▸ **RECORDED DATA**:
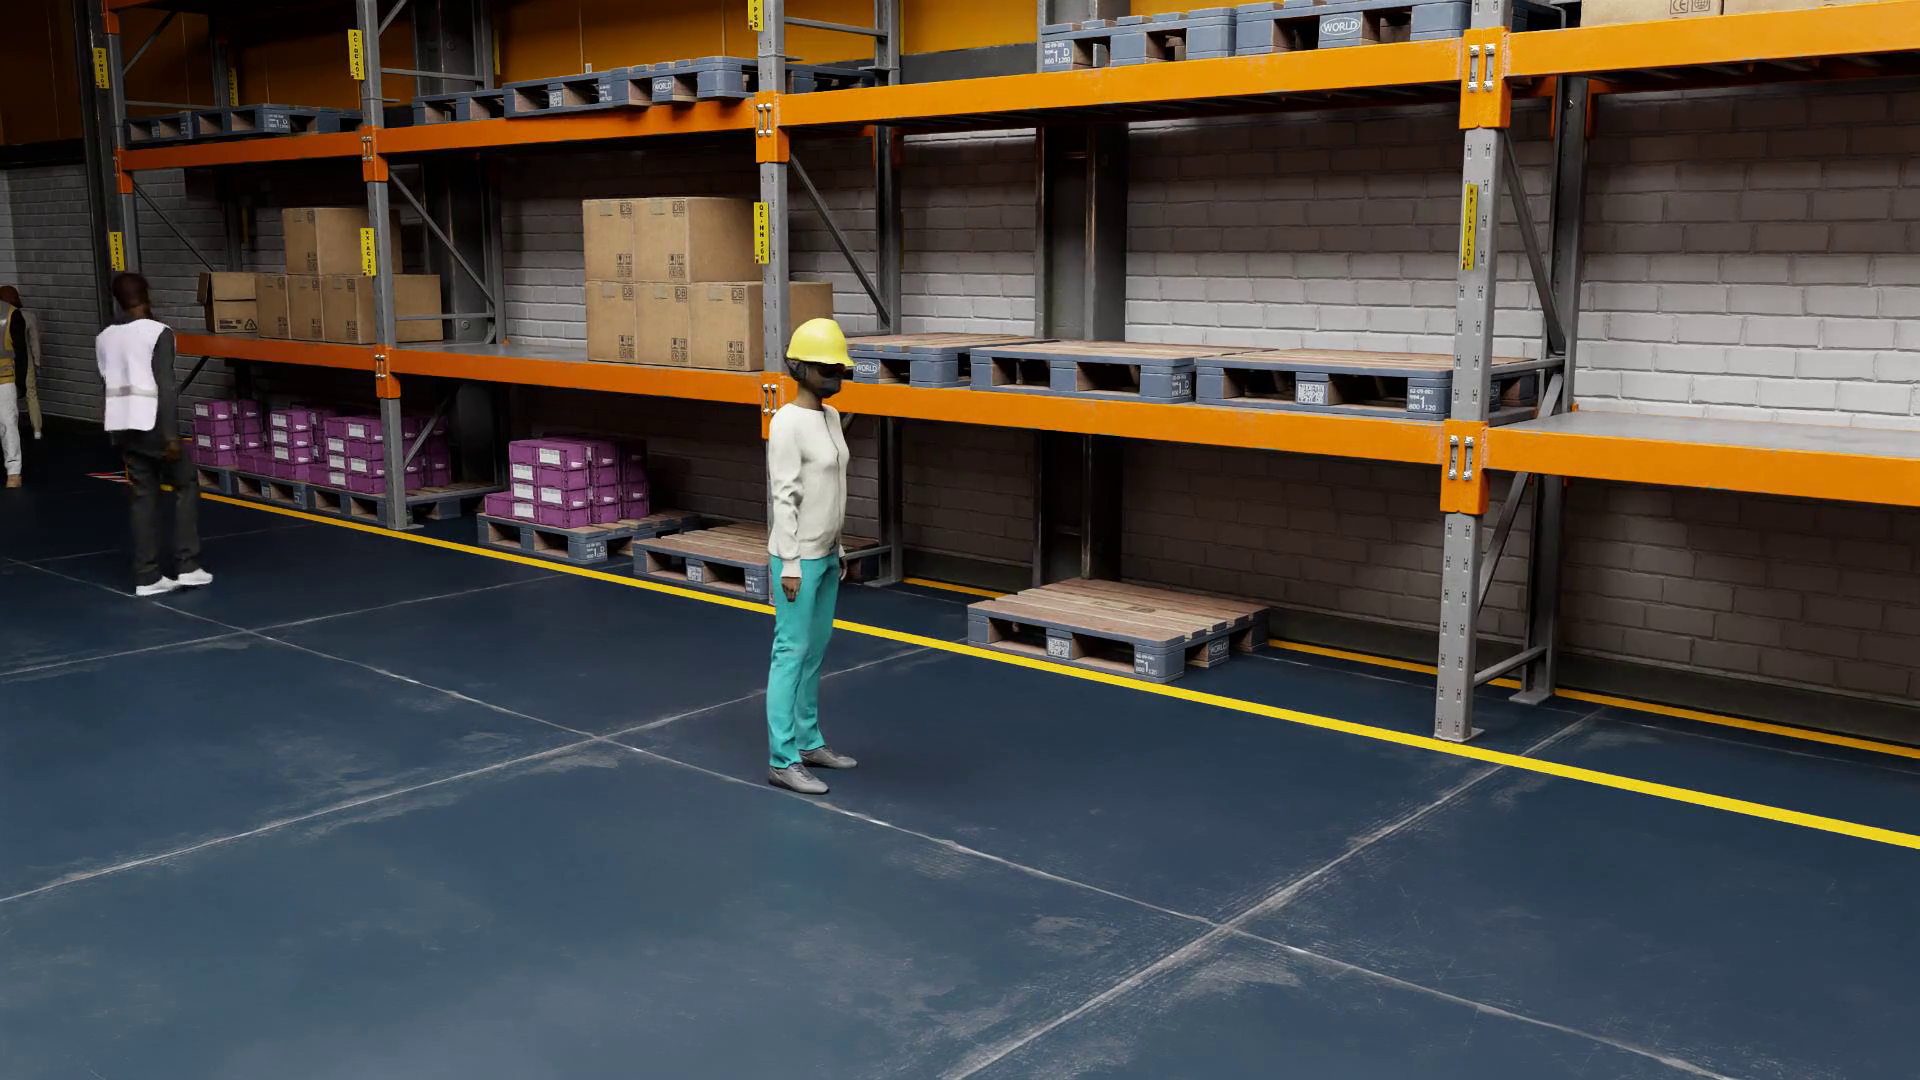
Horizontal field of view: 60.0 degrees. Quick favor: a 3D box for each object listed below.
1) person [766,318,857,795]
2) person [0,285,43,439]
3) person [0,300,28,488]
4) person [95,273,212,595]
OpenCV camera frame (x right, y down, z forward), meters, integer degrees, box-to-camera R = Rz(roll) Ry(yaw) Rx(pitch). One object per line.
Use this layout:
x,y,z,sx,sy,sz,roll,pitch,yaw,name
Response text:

▸ **WHAT THE EXERCISE ASKS**:
The answer should be the records above, unchanged, with the pictures omitted.

▸ **ANSWER FOR THE TASK**:
Horizontal field of view: 60.0 degrees. Quick favor: a 3D box for each object listed below.
1) person [766,318,857,795]
2) person [0,285,43,439]
3) person [0,300,28,488]
4) person [95,273,212,595]
OpenCV camera frame (x right, y down, z forward), meters, integer degrees, box-to-camera R = Rz(roll) Ry(yaw) Rx(pitch). One object per line.
Use this layout:
x,y,z,sx,sy,sz,roll,pitch,yaw,name
Response text:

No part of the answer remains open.